Даже те, кто гордился успехом, достигнутым на профессиональном поприще в родных странах или на Западе уже после распада СССР, упоминали о личных дружеских связях и отношениях между людьми в целом через призму той реальности – реальности дружбы народов. Казашка Алия Нуртаева, которая стала исследовательницей и в настоящее время работает в одном из университетов США, наиболее эмоционально из всех респондентов нашего проекта отреагировала на вопрос о дружбе народов. Она гневно отвергала любые предположения о том, что между народами в СССР могли существовать какие-то различия: «В Советском Союзе не было никаких „меньшинств“. Все были одинаковыми и имели одни и те же амбиции. Это плохой вопрос»[394]
.Даже спустя десятилетия после распада Советского Союза сохранилась эмоциональная общность, которая связывала многих его граждан. В процессе интервью с мигрантами упоминание о дружбе народов появлялось очень быстро – она служила чем-то вроде критерия, по которому рассказчики оценивали свою связь с другими гражданами и с советским государством в прошлом и в настоящем. Даже те, кто гордился собственной нацией или же был настроен против Советского Союза, в основном ценили принцип дружбы народов за то, что он вносил или пытался внести в жизнь граждан мир, стабильность и доброту. Он символизировал уникальность советского проекта, которому не было равных ни на Западе, ни в постсоветских государствах.
Мигранты рассказывали о том, как они присваивали принцип дружбы народов, оборачивая его в свою пользу для получения преимуществ в самых разных сферах. Теплые, хотя не всегда искренние, отношения и взаимоуважение между представителями разных национальных групп позволяли приезжим почувствовать себя включенными в столичное сообщество, которое было по преимуществу русским. Независимо от национального происхождения, можно было легко передвигаться по стране и не переживать за свою жизнь, чувствуя свободу и безопасность. Советский режим, который не обращал внимания на цвет кожи и старался помогать «менее развитым» народам, обеспечил своим гражданам профессиональную мобильность, пусть даже и под наблюдением «старшего брата»[395]
. Национальные республики чествовались на фестивалях, а университеты Ленинграда и Москвы открывали двери перед их выходцами, чтобы продемонстрировать их почетное место в советской семье в самом сердце Союза.Признательность за дружбу и убеждение в том, что она начинается с Ленинграда и Москвы – с городов с преимущественно русским населением, – возможно, представляли собой «евроцентризм и ментальную колонизацию», которые, по утверждению Дины Атаниязовой, побудили «южных» интеллектуалов растворить «собственную» идентичность в русской или пророссийской[396]
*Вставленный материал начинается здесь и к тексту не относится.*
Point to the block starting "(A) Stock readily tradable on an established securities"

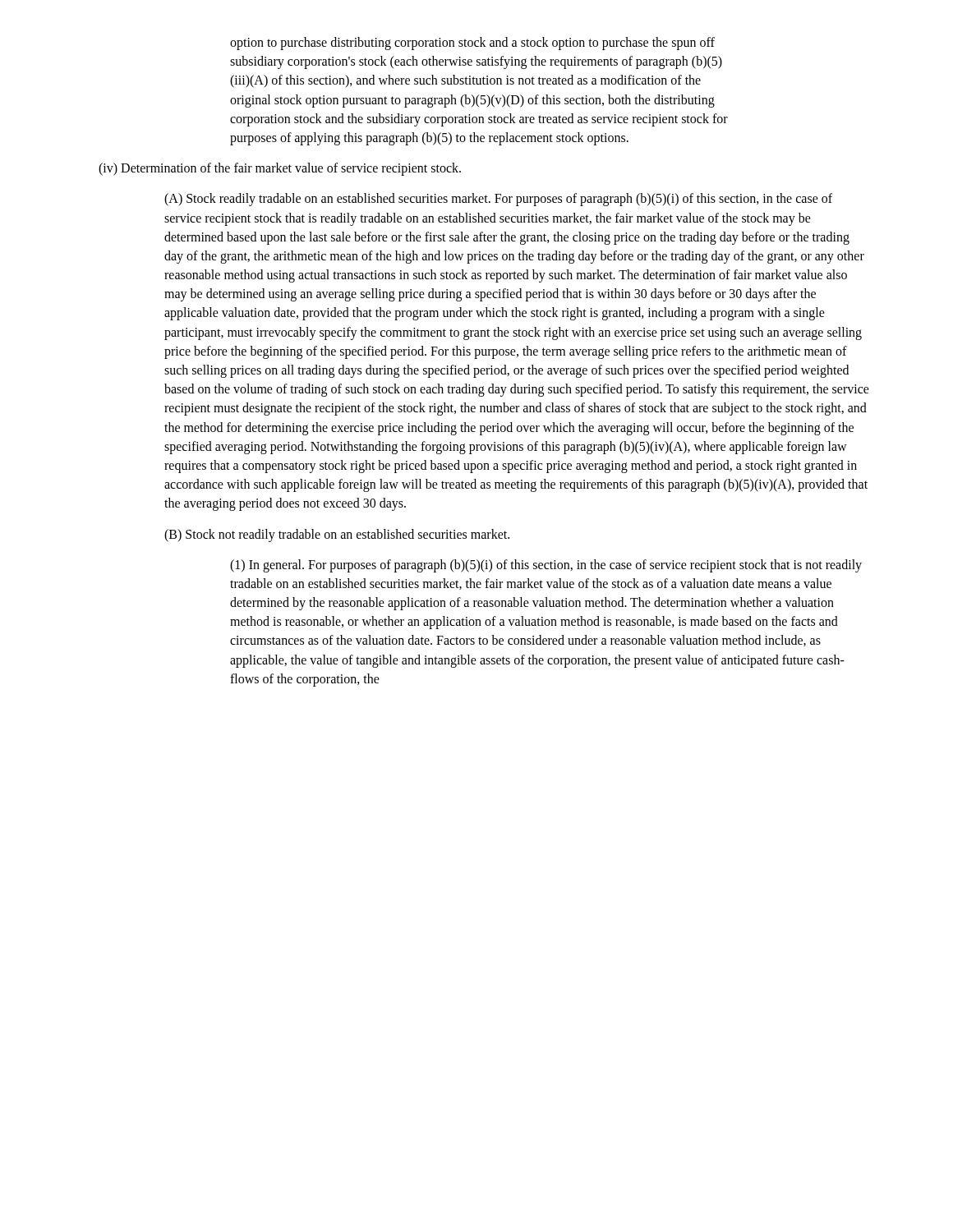(518, 351)

. Как только идея современной европейской цивилизации была принята как исключительно прогрессивная, российское превосходство было фактически закреплено. Айбек Ботоев описывал, какую роль сыграло в этом само государство: «Я бы сказал, что „дружба народов“ была наполовину правдой, наполовину мифом. Они вколачивали в нас идею интернационализма, на практике относясь к моей родине как к колонии. Они делали все возможное, чтобы нас ассимилировать. Они вынудили нас говорить по-русски. При Советском Союзе государство всегда говорило одно, а делало совершенно другое»[397]. Колонизация, будь то колонизация умов или буквальная колонизация земель, выступает контрнарративом в рассказах мигрантов тем возможностям, которые предоставило им включение в русскую культуру через советскую призму.И все же дружба народов в советскую эпоху способствовала включению в современный, европейский, космополитический мир, который многим кажется столь далеким в настоящее время. Хаджиев, Нуртаева и другие мигранты горячо утверждали, что они в первую очередь были советскими гражданами – как в советский период, так и спустя долгие годы после распада СССР. Более широкое понимание принципа «дружбы народов» включало в себя опыт дружеских связей, сила которых помогала им на протяжении всего их жизненного пути, инкорпорируя их в сети социальных взаимосвязей и облегчая им проживание в Ленинграде и Москве. Когда переселенцы с Кавказа, из Средней Азии и азиатской части России обдумывали или планировали свой переезд в столицы, дружеские связи предоставляли им возможность социального продвижения.